For eg, partition stats index. So, we also repartition based on hudi partition 
and process all writeStatuses to prepare records for partition stats index. 
   - Union above set of records. 
   - Tag location 
   - return RDD<HoodieRecord> 
   
   We have introduced MetadataIndexGenerator and SparkMetadataIndexGenerator to 
assist with preparing MDT records. 
   
   Note: We will be fixing all other write operations (bulk insert, insert, 
delete, insert overwrite, etc) in a similar fashion. In this patch, upsert() is 
implemented as a reference. 
   
   
   9. Metadata table rollbacks: 
   Prior to this design, clean failed rollback policy was eager in MDT. So, 
whenever we start a new commit in MDT, if there are any pending commits, we 
auto rollback it. But w/ NBCC, clean failed rollback policy is lazy. So, this 
means that heart beat will be emitted by the mdt writeClient when the delta 
commit starts. Lazily if the processed crashes, later when cleaner in MDT 
executes, it will check for failed writes (elapsed heart beats) and trigger 
rollback. With the dag re-design, we can't let this happen. So, we are 
disabling this rollback by the cleaner for Metadata table. Any failed write in 
Metadata table will have a failed write in DataTable as well. So, data table 
will have to trigger rollback at somepoint (based on whether its single writer 
or multi writer). So, the same will trigger a rollback in Metadata table if the 
commit of interest exists in Metadata table. So, its safe to disable the auto 
rollbacks in MDT. 
   
   10. WriteStatus changes: 
   Since we have a single RDD<WriteStatus> at the end of writeClient.upsert(), 
we have introduced a boolean flag in WriteStatus to denote whether is it for 
data table or Metadata table. So, we use that to bucketize and prepare 
HoodieCommitMetadata for the Data table. 
   
   11. If you have gotten a grasp of ingestion commits dag, lets go to 
compaction. I have not fixed data table clustering yet in this patch. But 
changes to compaction should pretty much give you an idea. 
   
   Lets take a peek at how compaction control flow looks like. 

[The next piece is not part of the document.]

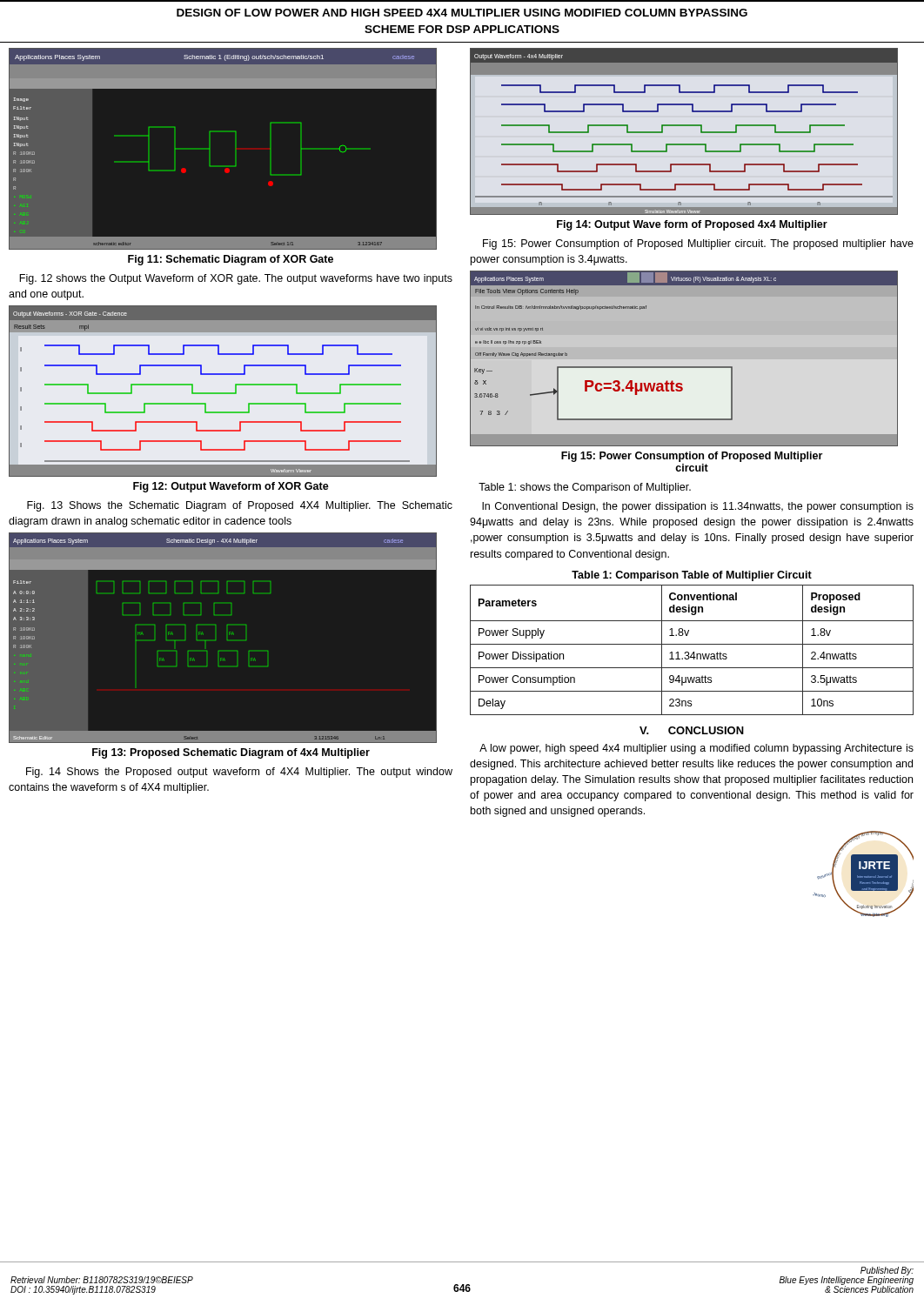Navigate to the block starting "Table 1: shows the Comparison of Multiplier."
Screen dimensions: 1305x924
581,487

   We are not going to touch the scheduling of compaction w/ this dag rewrite 
exercise. Only during compaction execution, we will touch MDT. 
   - a. WriteClient.compact(compactionTime)
   -      b. (a) will call into TableServiceClient.compact(compactionTime, 
shouldComplete). 
   -      All of our HoodieTableMetadataWriter instances and the map is 
maintained by the data table BaseHoodieTableWriteClient. So, while 
instantiating TableServiceClient, we pass in a function which can assist in 
fetching the metadata writer instance 
   ```
   Functions.Function2<String, HoodieTableMetaClient, 
Option<HoodieTableMetadataWriter>>
   ```
   -          c. lets expand on compact() impl in TableServiceClient. 
   ```
   .
   .
   Apply the metadataWriterFunc to get an instance of 
HoodieTableMetadataWriter. 
   HoodieTableMetadataWriter.startCommit(compactionCommit)
   HoodieWriteMetadata compactionWriteMetadata = HoodieTable.compact(...) 
   // this compactionWriteMetadata contains RDD<WriteStatus> which is not yet 
triggered. 
   Write to Metadata table (partial writes except FILES partition) and get hold 
of RDD<WriteStatus> for metadata table. 
   Stitch both writeStatuses and set it as part of compactionWriteMetadata. 
   return compactionWriteMetadata
   ```
   
   So, tableServiceWriteClient and writeClient.compact() will return 
`HoodieWriteMetadata compactionWriteMetadata` which will contain 
RDD<WriteStatus>. Dag is not yet triggered. 
   
   -  d. caller is expected to call 
writeClient.commitCompaction(compactionTime, compactionWriteMetadata (from 
compact() call), ..) 
   Lets zoom in a bit here. 
   - we call collect on the RDD<WriteStatus> in compactionWriteMetadata. This 
is when the dag will be triggered (i.e writes to both Data table and MDT 
partitions(except FILES) will happen. 
   - Bucketize data table HoodieWriteStat and MetadataTable HoodieWriteStats. 
   - Prepare HoodieCommitMetadata for data table. 
   - Perform marker reconciliation for data table. 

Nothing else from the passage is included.